::: The input

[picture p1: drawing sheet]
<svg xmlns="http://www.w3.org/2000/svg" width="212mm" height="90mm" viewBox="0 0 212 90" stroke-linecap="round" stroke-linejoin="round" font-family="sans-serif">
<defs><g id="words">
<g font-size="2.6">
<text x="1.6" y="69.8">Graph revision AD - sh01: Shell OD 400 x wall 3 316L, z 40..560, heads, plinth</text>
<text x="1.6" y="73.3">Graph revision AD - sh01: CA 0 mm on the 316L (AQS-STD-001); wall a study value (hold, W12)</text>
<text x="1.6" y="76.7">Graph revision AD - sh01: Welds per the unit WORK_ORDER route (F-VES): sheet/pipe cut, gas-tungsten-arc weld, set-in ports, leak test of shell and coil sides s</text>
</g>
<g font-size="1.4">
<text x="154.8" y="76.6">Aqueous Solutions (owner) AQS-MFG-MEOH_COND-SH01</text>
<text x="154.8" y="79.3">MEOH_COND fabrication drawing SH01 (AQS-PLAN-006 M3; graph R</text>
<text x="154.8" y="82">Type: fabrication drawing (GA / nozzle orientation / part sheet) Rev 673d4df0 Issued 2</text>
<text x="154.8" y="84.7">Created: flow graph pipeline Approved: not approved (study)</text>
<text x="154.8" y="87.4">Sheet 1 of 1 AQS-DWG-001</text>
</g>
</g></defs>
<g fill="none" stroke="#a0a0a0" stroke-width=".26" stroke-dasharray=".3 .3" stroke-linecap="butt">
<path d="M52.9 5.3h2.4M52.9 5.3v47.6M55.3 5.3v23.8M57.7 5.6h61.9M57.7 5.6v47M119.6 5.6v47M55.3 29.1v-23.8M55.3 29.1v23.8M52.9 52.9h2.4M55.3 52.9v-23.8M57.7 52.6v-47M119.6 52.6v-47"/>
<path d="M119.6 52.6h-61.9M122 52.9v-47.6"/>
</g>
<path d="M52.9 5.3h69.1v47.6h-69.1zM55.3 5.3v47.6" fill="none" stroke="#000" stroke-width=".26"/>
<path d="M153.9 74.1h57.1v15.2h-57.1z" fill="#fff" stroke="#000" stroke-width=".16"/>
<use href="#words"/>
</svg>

::::::

Report all lines in the records that include the string "none".

<g fill="none" stroke="#a0a0a0" stroke-width=".26" stroke-dasharray=".3 .3" stroke-linecap="butt">
<path d="M52.9 5.3h69.1v47.6h-69.1zM55.3 5.3v47.6" fill="none" stroke="#000" stroke-width=".26"/>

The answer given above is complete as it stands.